Amamentação Sem Mitos

Aleitamento materno e o direito humano à alimentação adequada

O Brasil avançou bastante nas últimas décadas a discussão sobre segurança alimentar e nutricional. Em 2006, o direito humano à alimentação adequada passou a ser assegurado por meio da Lei Orgânica no 11.346 e, desde 2010, a alimentação foi incorporada à constituição como um direito social, por meio da Emenda Constitucional no 64.
Porém, quando pensamos em toda complexidade relacionada à segurança alimentar e nutricional, que considera questões ligadas à cultura, sustentabilidade, qualidade, quantidade, soberania, dentre outras, raramente surge a amamentação dentro das discussões ligadas ao direito à alimentação.
Por que será que isso acontece? Estamos falando nada mais do que o primeiro alimento que qualquer ser humano deveria ter contato. E, mais do que isso, ao longo dos seus primeiros seis meses de vida, o leite materno representará o ÚNICO alimento necessário ao bebê. Em nenhum outro momento da sua existência, isso se repetirá com tal perfeição.
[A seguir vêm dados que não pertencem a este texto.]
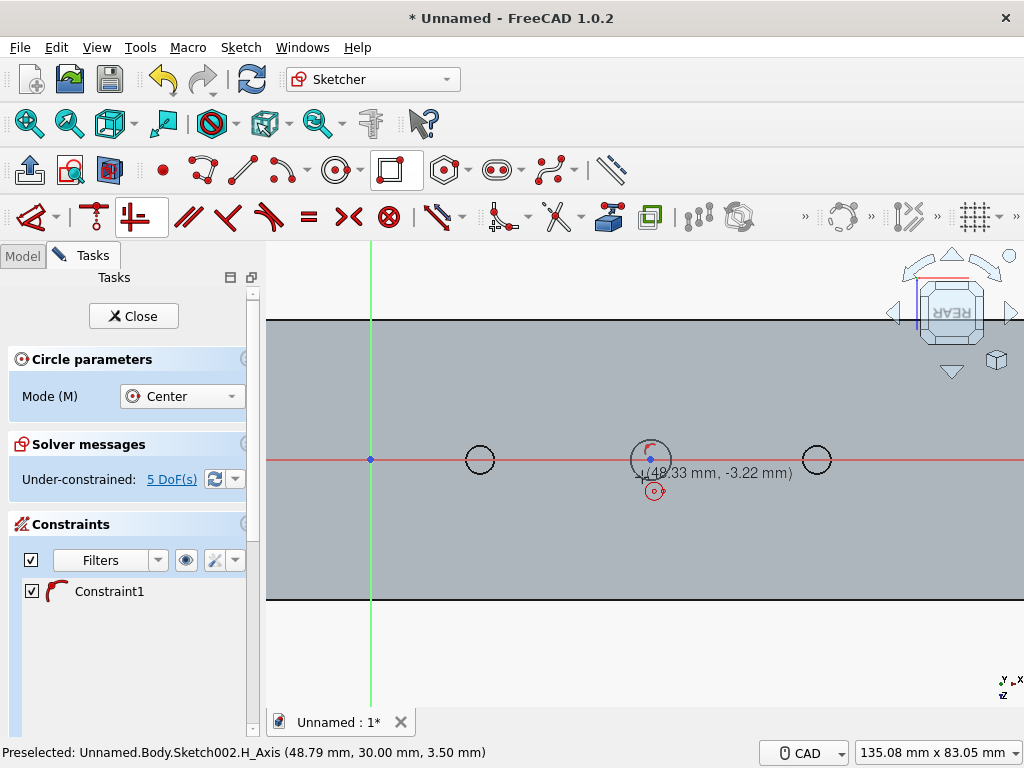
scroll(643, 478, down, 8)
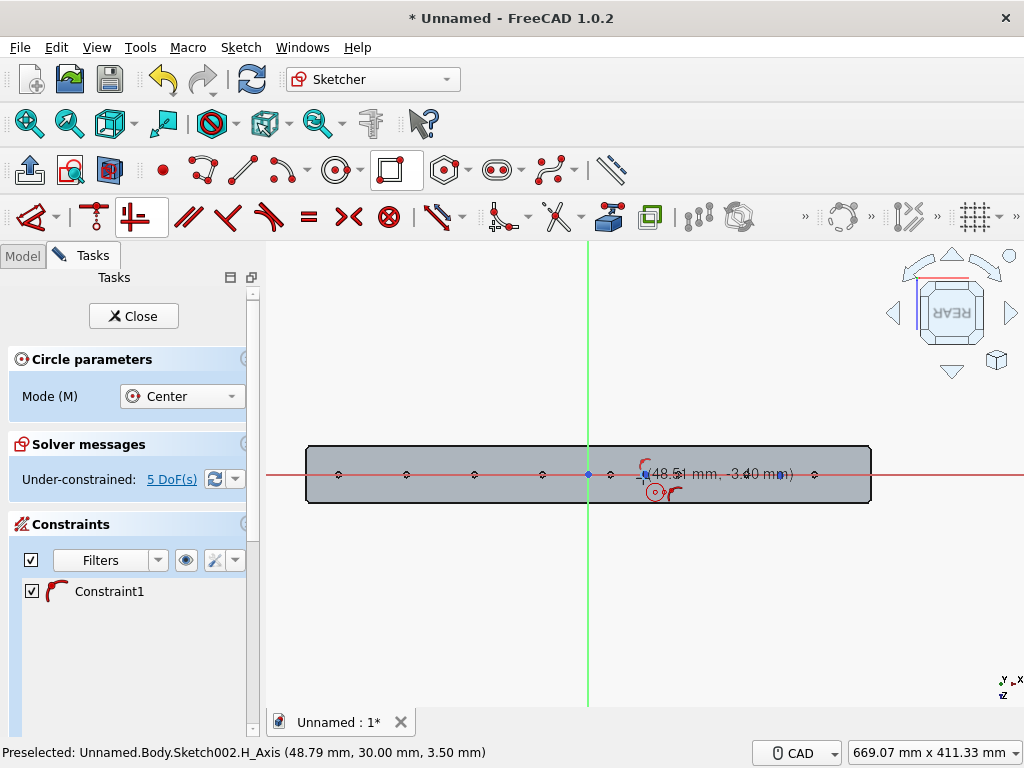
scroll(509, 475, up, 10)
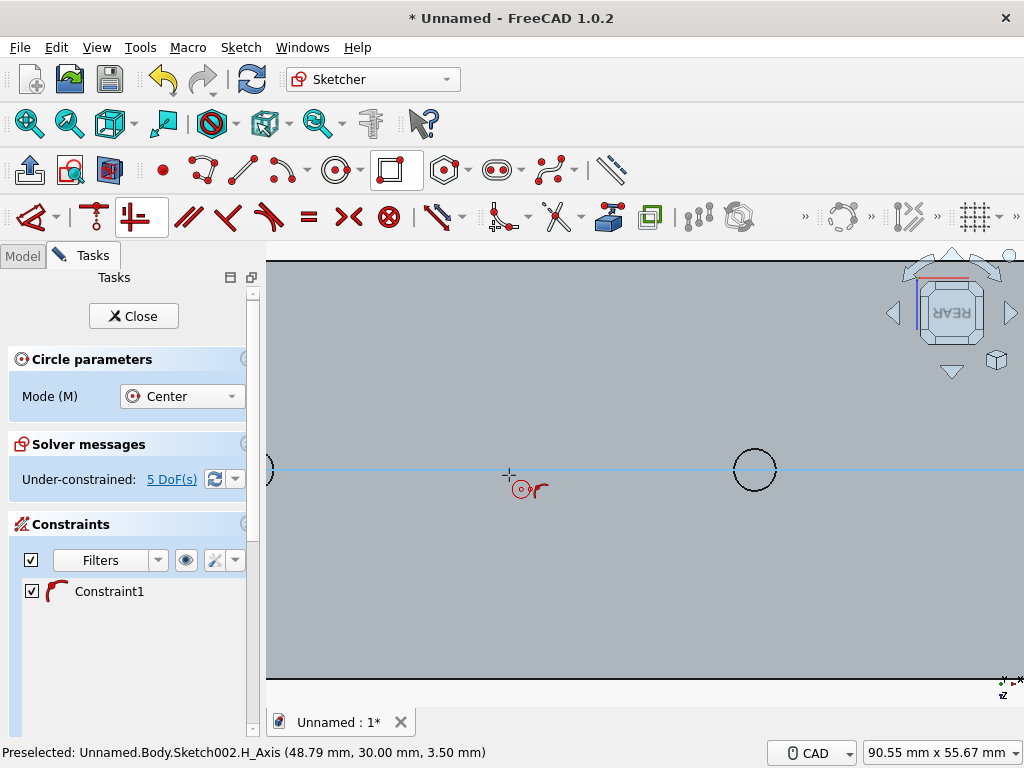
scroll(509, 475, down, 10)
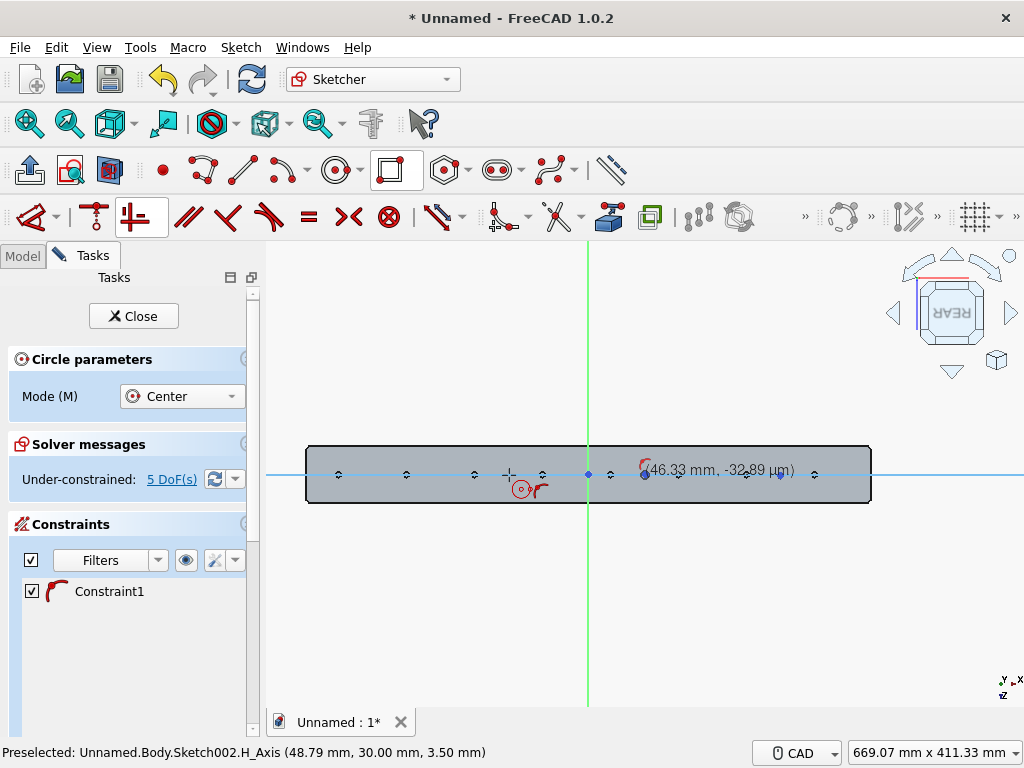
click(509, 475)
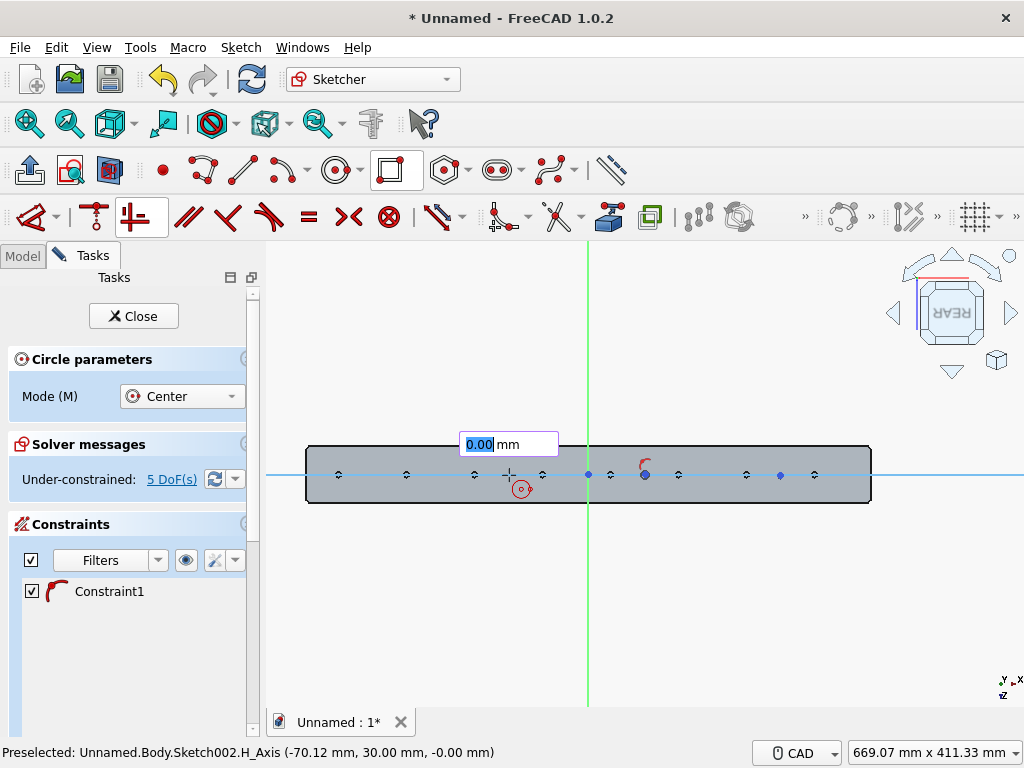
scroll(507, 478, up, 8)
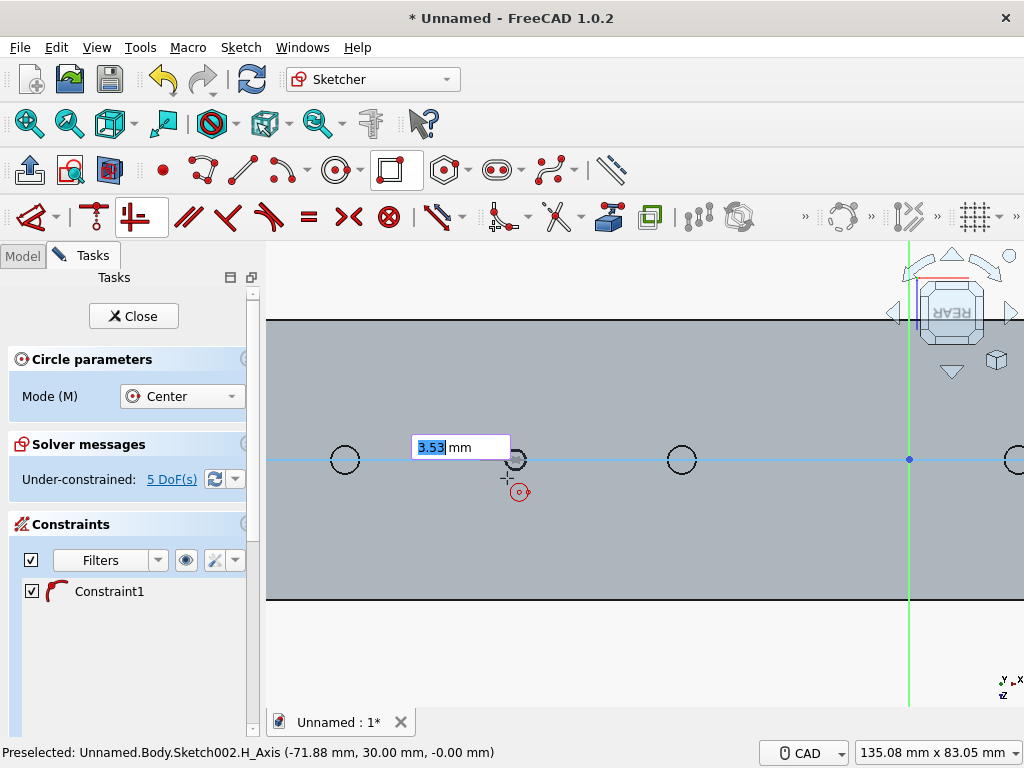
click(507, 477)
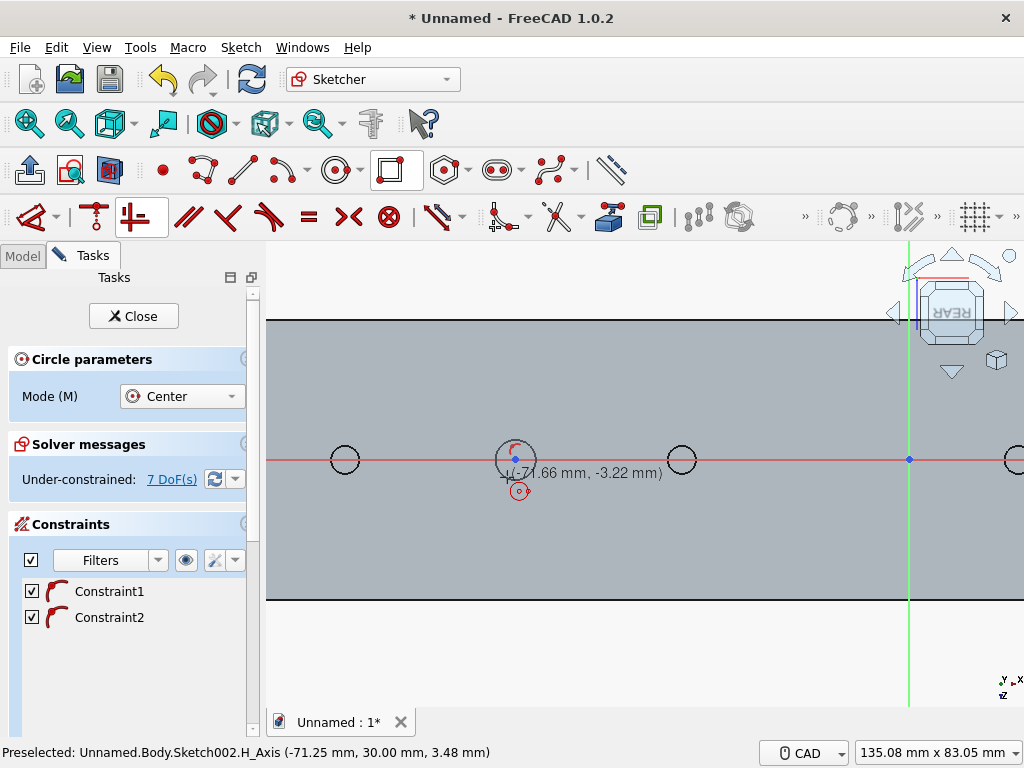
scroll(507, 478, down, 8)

Mais do que prover todos os nutrientes necessários para suprir as demandas decorrentes do intenso desenvolvimento, o leite materno oferecerá proteção imunológica para um organismo que nasce com poucos mecanismos de defesa já estabelecidos. Mais do que o leite materno, a amamentação representa a segurança, o acolhimento e o carinho para um ser que nasceu há pouco tempo e precisa ainda compreender o mundo em que se inseriu.
A amamentação é um direito reservado não somente ao bebê, mas à mãe. A ela, cabe o acesso a informações adequadas durante o pré-natal, o direito a um parto respeitoso e a ter contato pele a pele com seu filho nos primeiros minutos após o nascimento, além do apoio profissional frente a qualquer dificuldade e da sua família e entorno para conseguir praticar a livre demanda. Amamentar não representa a sobreposição do bem-estar da criança à vontade materna. O direito de amamentar significa que nenhuma força externa pode interferir de forma contrária à relação entre a mãe e a criança.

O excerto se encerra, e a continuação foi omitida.